Friday, February 29, 2008

Appreciation of the rupee: a divisive issue

 Angel Merkel, the German Chancellor rejected French calls for a summit of the eurozone leaders to exchange views about monetary policy , feeling that it to be potentially divisive. Eurozone monetary policy and the resulting strengthening of the Euro is a bone of contention between Paris and Berlin.
The Chancellor warned against any attempt to dilute the independence of the European Central Bank and asserted that the recent appreciation of the euro against the dollar was an expression of the EU’s economic strength. Even the boss at the European Central Bank, Jean -Claude Trichet, groused about the brutal movements in the dollar-euro exchange rates that was slashing profits of Europe’s biggest firms. Airbus CEO had warned that a weak dollar was threatening the long term existence of the continental aerospace giant. It would be plainly stupid to advice the CEO to opt for hedging in a situation where the falling dollar is eating in its profits and the trend is clearly uni-directional.

Here also, the appreciation of the rupee is gradually becoming a divisive issue.

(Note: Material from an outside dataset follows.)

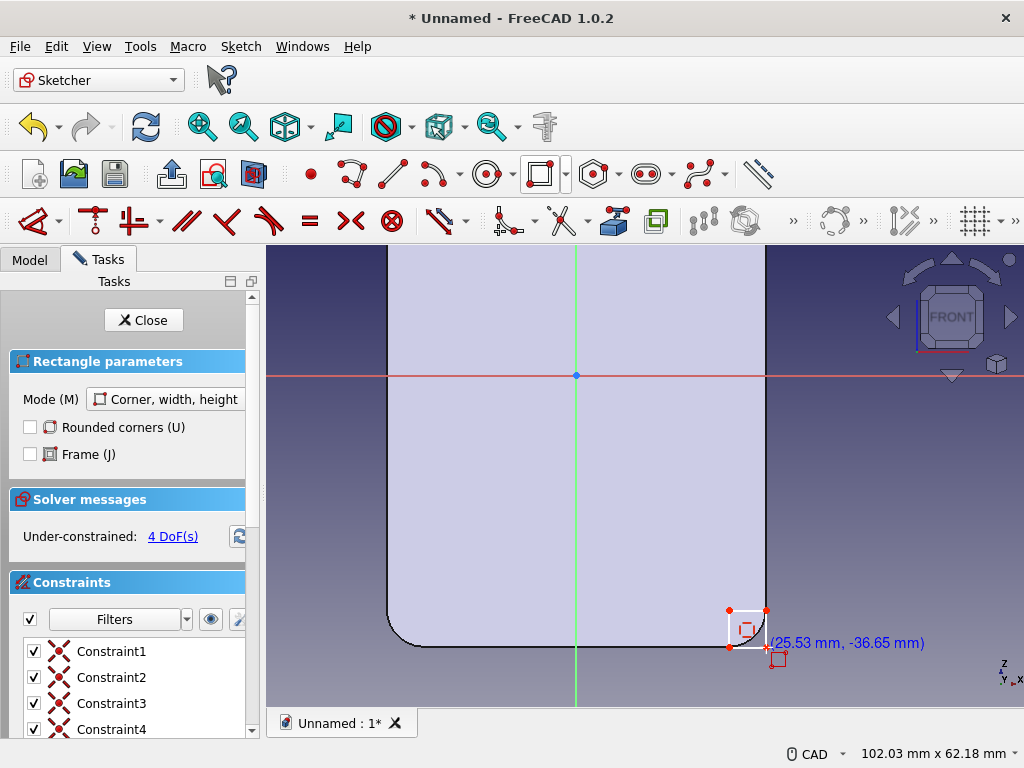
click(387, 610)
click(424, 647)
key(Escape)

Captains of industry have been complaining about the appreciation of the rupee after the substantial deprecation in 2006 while the authorities have been arguing that present value of the exchange rate is more or less in line with the economic fundamentals.

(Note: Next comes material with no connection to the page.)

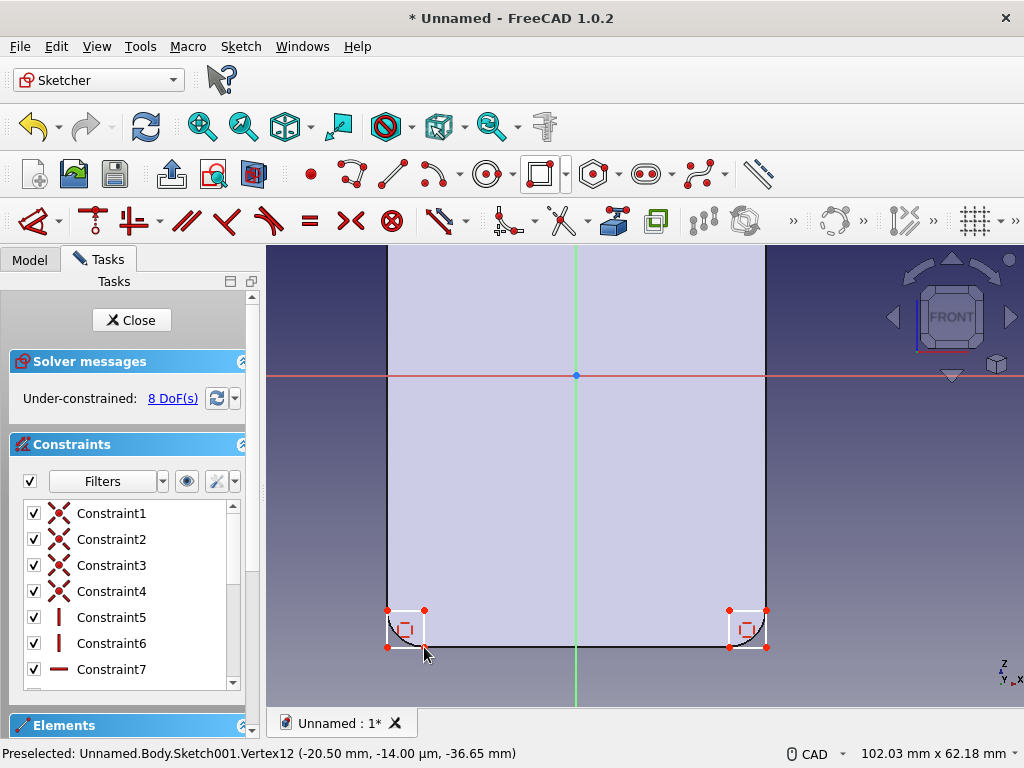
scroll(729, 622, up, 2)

Ali Parkar, President of the Star Knitwear group is sounding the alarm :  «Nous sommes dans une situation de crise. L’industrie textile est sous forte pression à cause de l’appréciation de la roupie. Le gouvernement doit accepter sa responsabilité car, s’il refuse de gérer la roupie, ça risque d’être fatal à toute cette industrie d’exportation. Je ne suis pas d’accord avec le ministre des Finances qui soutient que la valeur de la roupie reflète les fondamentaux de l’économie. Les importations dépassent largement les exportations. Pour la différence l’économie dépend des services, du tourisme et d’autres transferts d’argent. C’est la situation qui a prévalu pendant longtemps et la valeur de la roupie a été toujours raisonnablement gérée. »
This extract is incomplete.